In some ways scooped by “Spherical CNNs” this work proposes a similar SO(3) equivariant convolution based on the Spherical Fourier Transform, decomposing the spherical signal and filters into their spherical harmonic bases. It’s worth noting that this approach is faster than “Spherical CNNs.” - DeepSphere: Efficient Spherical Convolutional Neural Network with HEALPix Sampling for Cosmological Applications (Perraudin et al., Astronomy and Computing, 2018 and Defferrard et al., ICLR Workshops, 2019) [Code]
This work looks to avoid the computational expense of the Fourier transform and also seek a solution that does not require a full sphere as input. The authors propose an efficient graph convolution on the HEALPix representation of the sphere. It’s not entirely clear how this fares compared to other methods as the authors do not provide a comparison.
By design, these methods circumvent the spherical distortion problem by focusing on the spherical input signal directly.

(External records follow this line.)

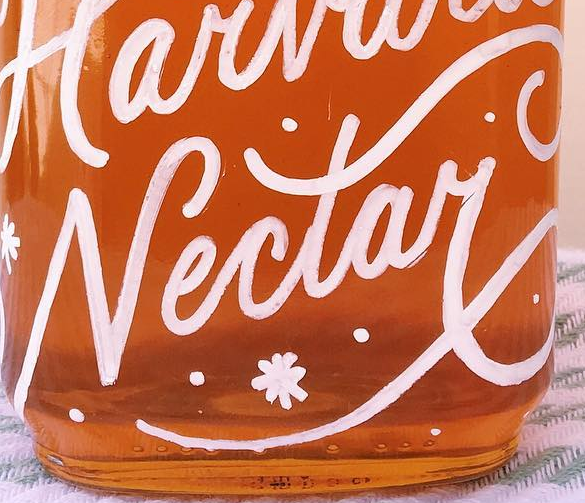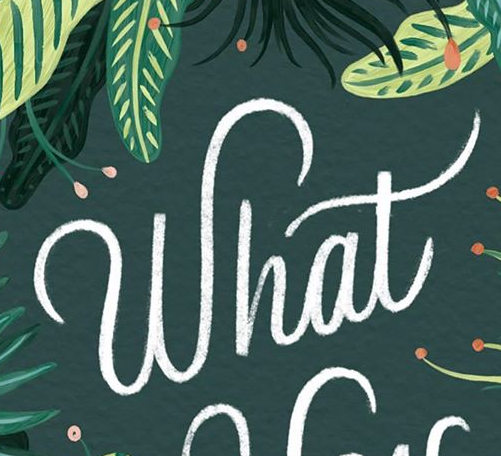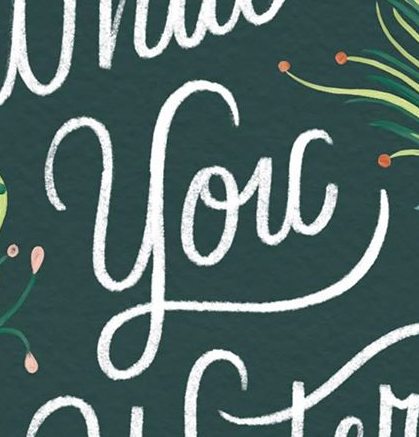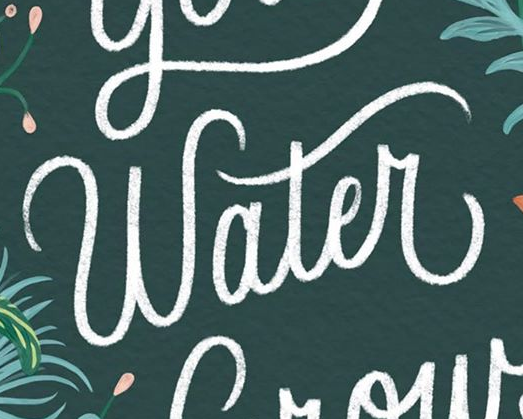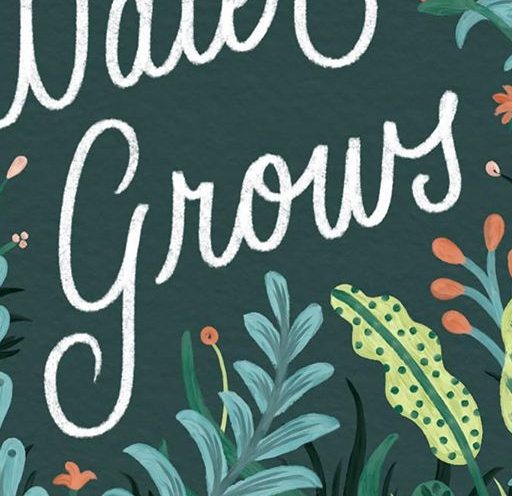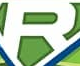What text appears in these images from left to right, separated by a semicolon? Nectay; What; You; Water; grows; R 
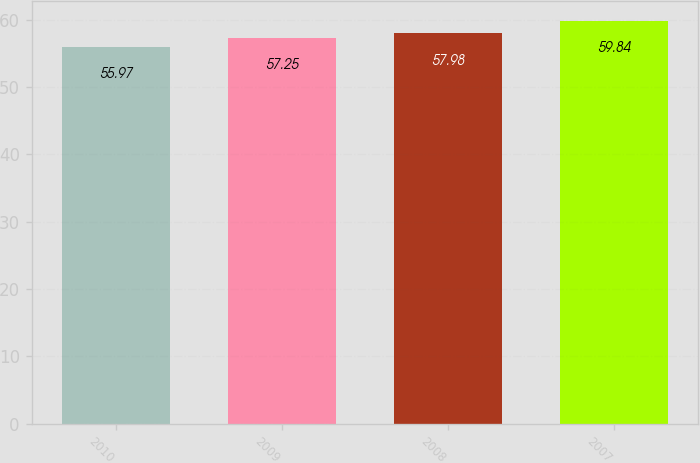<chart> <loc_0><loc_0><loc_500><loc_500><bar_chart><fcel>2010<fcel>2009<fcel>2008<fcel>2007<nl><fcel>55.97<fcel>57.25<fcel>57.98<fcel>59.84<nl></chart> 
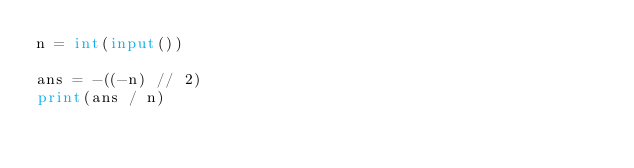Convert code to text. <code><loc_0><loc_0><loc_500><loc_500><_Python_>n = int(input())

ans = -((-n) // 2)
print(ans / n)</code> 
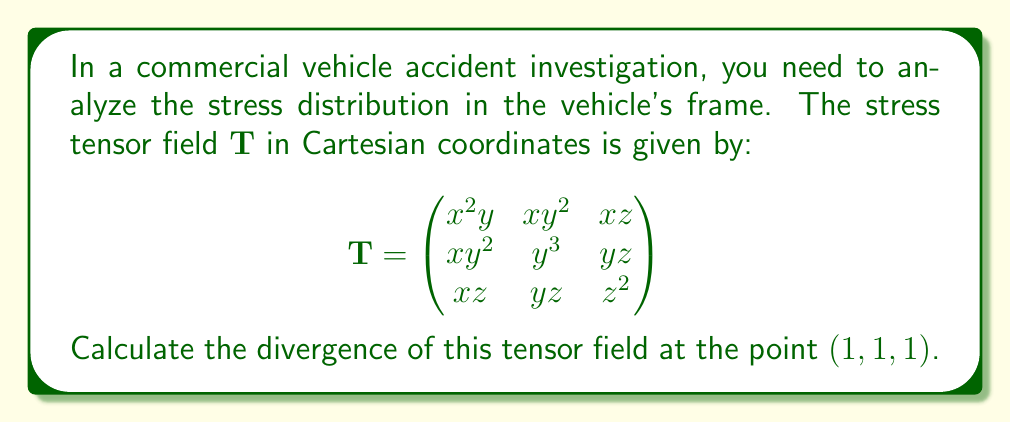Can you solve this math problem? To calculate the divergence of a tensor field, we need to follow these steps:

1) The divergence of a tensor field $\mathbf{T}$ is defined as:

   $$\nabla \cdot \mathbf{T} = \frac{\partial T_{xx}}{\partial x} + \frac{\partial T_{yy}}{\partial y} + \frac{\partial T_{zz}}{\partial z}$$

2) Let's calculate each partial derivative:

   $\frac{\partial T_{xx}}{\partial x} = \frac{\partial (x^2y)}{\partial x} = 2xy$

   $\frac{\partial T_{yy}}{\partial y} = \frac{\partial (y^3)}{\partial y} = 3y^2$

   $\frac{\partial T_{zz}}{\partial z} = \frac{\partial (z^2)}{\partial z} = 2z$

3) Now, we sum these partial derivatives:

   $$\nabla \cdot \mathbf{T} = 2xy + 3y^2 + 2z$$

4) To evaluate this at the point (1, 1, 1), we substitute x = 1, y = 1, and z = 1:

   $$\nabla \cdot \mathbf{T}|_{(1,1,1)} = 2(1)(1) + 3(1)^2 + 2(1) = 2 + 3 + 2 = 7$$

Therefore, the divergence of the tensor field at the point (1, 1, 1) is 7.
Answer: 7 
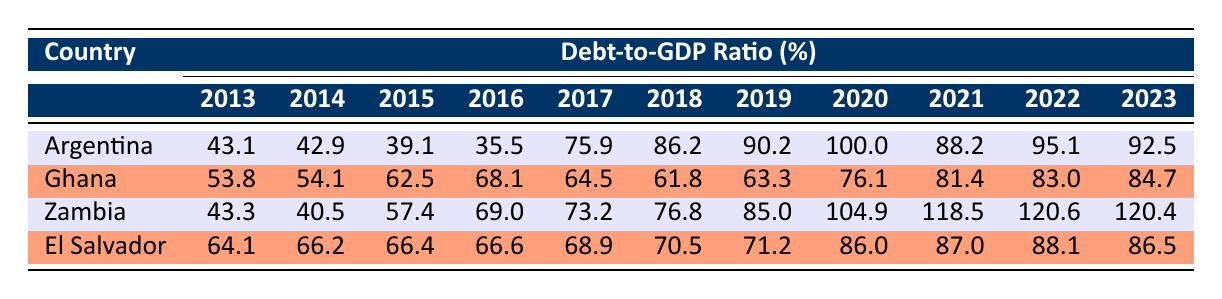What was the Debt-to-GDP ratio of Argentina in 2016? By looking at the row for Argentina, the debt-to-GDP ratio for the year 2016 is directly stated as 35.5%.
Answer: 35.5 What is the Debt-to-GDP ratio of Ghana in 2021? The row for Ghana indicates that the debt-to-GDP ratio in 2021 is 81.4%.
Answer: 81.4 Which country had the highest Debt-to-GDP ratio in 2020? Looking at the 2020 column for all countries, Zambia has the highest ratio at 104.9%, compared to Argentina's 100.0%, Ghana's 76.1%, and El Salvador's 86.0%.
Answer: Zambia What was the average Debt-to-GDP ratio for El Salvador from 2013 to 2023? To find the average for El Salvador, we sum up the values from each year: (64.1 + 66.2 + 66.4 + 66.6 + 68.9 + 70.5 + 71.2 + 86.0 + 87.0 + 88.1 + 86.5) =  885.5. There are 11 data points, so the average is 885.5 / 11 = 80.5.
Answer: 80.5 Did Ghana's Debt-to-GDP ratio decrease from 2016 to 2017? In 2016, Ghana's ratio was 68.1%, which decreased to 64.5% in 2017, indicating a decline.
Answer: Yes Which country experienced the most significant increase in Debt-to-GDP ratio from 2019 to 2020? Zambia increased from 85.0% in 2019 to 104.9% in 2020, resulting in an increase of 19.9%. Argentina's increase was from 90.2% to 100.0%, which is 9.8%. This shows that Zambia had the largest increase.
Answer: Zambia What was the Debt-to-GDP ratio for Zambia in 2023 and how does this compare to its ratio in 2015? In 2023, Zambia's ratio is 120.4%, while in 2015 it was 57.4%. This shows a significant increase of 63.0%.
Answer: 120.4% (increase from 57.4%) Is it true that all the countries listed had a Debt-to-GDP ratio above 70% in 2020? Checking the 2020 column, Argentina is at 100.0%, Ghana is at 76.1%, Zambia is at 104.9%, and El Salvador is at 86.0%. Thus, all countries had ratios above 70%.
Answer: Yes Which country had a Debt-to-GDP ratio closest to 90% in 2022? In 2022, Argentina was at 95.1%, Ghana was at 83.0%, Zambia was at 120.6%, and El Salvador was at 88.1%. Out of these, El Salvador at 88.1% is closest to 90%.
Answer: El Salvador 
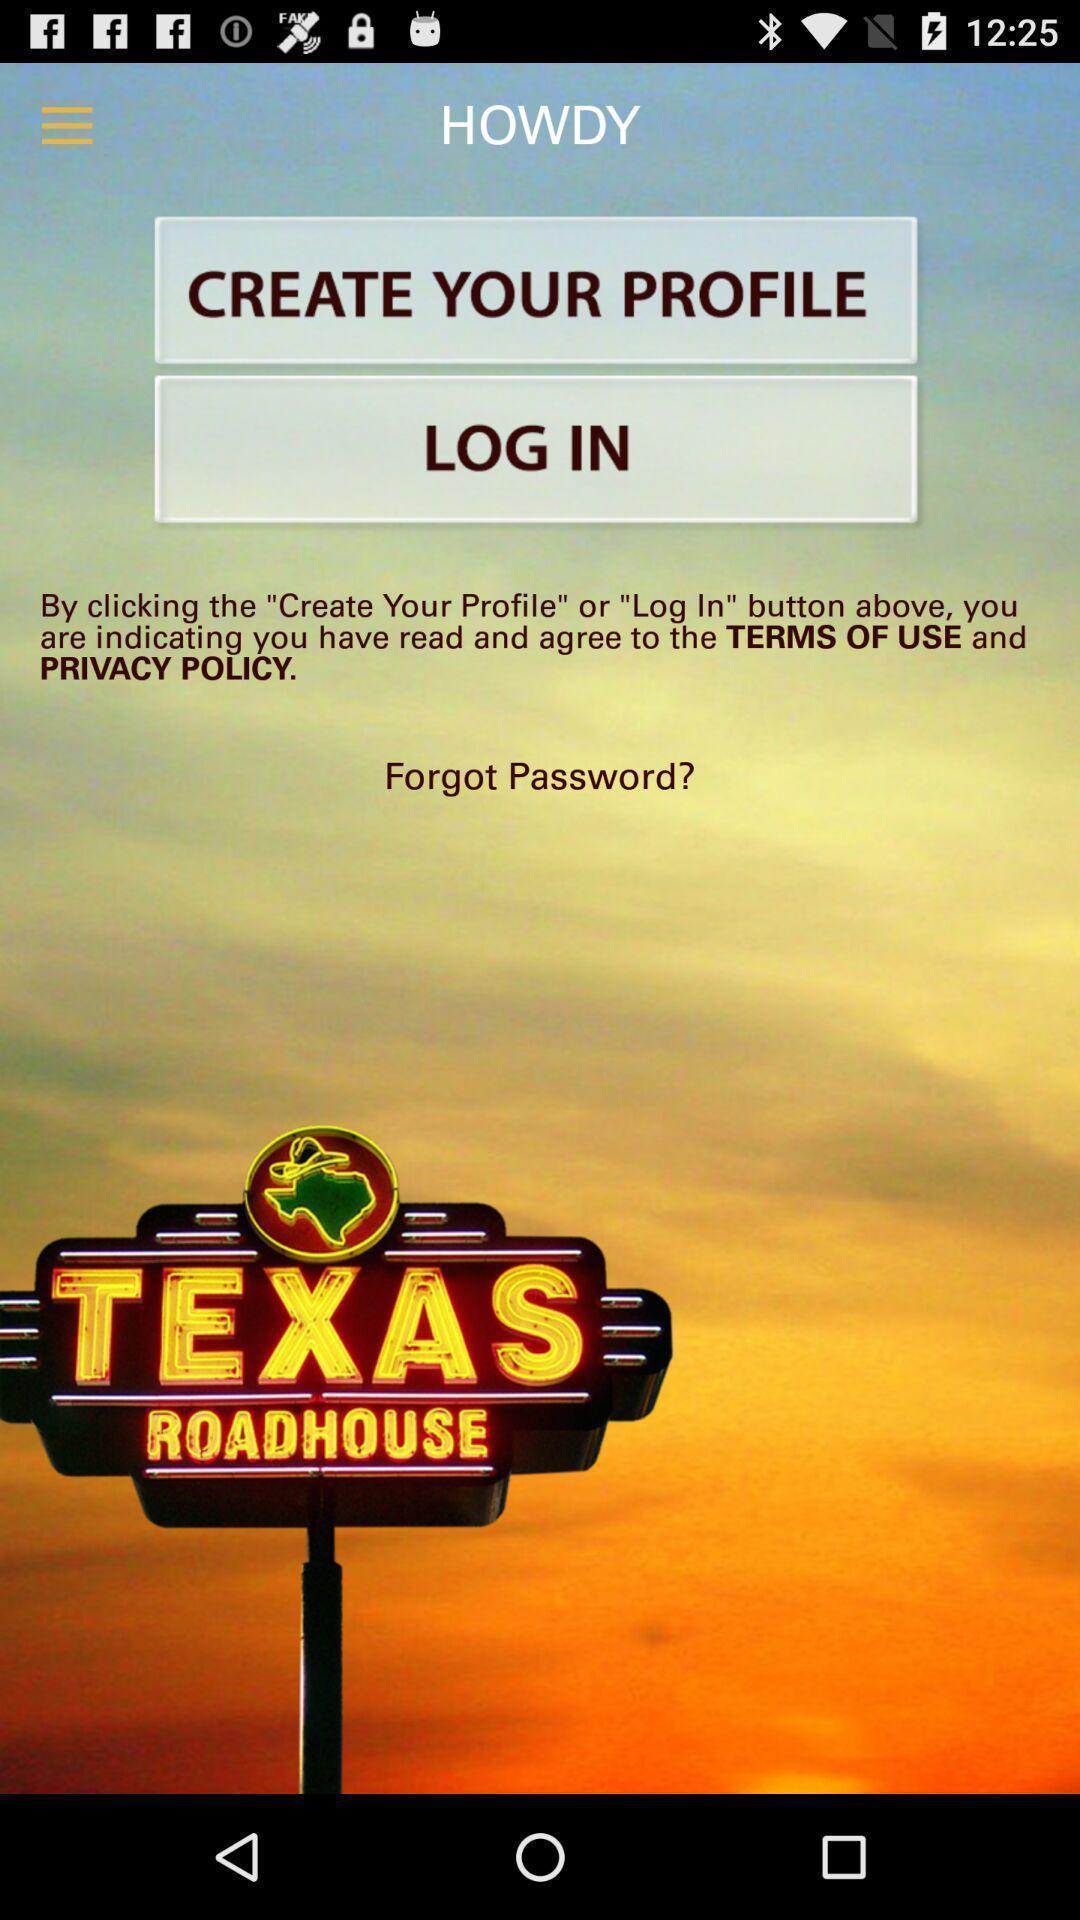Describe the visual elements of this screenshot. Welcome page for a food app. 
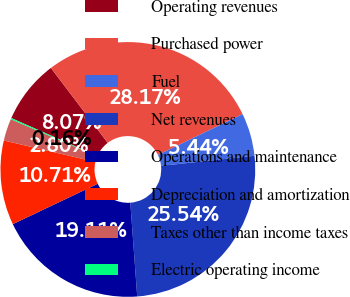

Furthermore, these methods are often quite efficient thanks to fast spectral or graph operations. However, the primary downside to these reparameterization approaches is that they can’t reuse existing networks. While you can implement a ResNet-50 spherical CNN, for example, you can’t then initialize it with pre-trained weights from some off-the-shelf ResNet-50 model. As the parameterization has changed as well, we can’t apply our existing insight into kernel sizes and network design either.
Location-adaptive methods (for equirectangular images)
This category consists of methods that seek to explicitly encode spherical distortion into the convolutional kernel’s sampling function in a location-dependent format. The idea is that, if distortion deforms the content, why not just deform the kernel accordingly?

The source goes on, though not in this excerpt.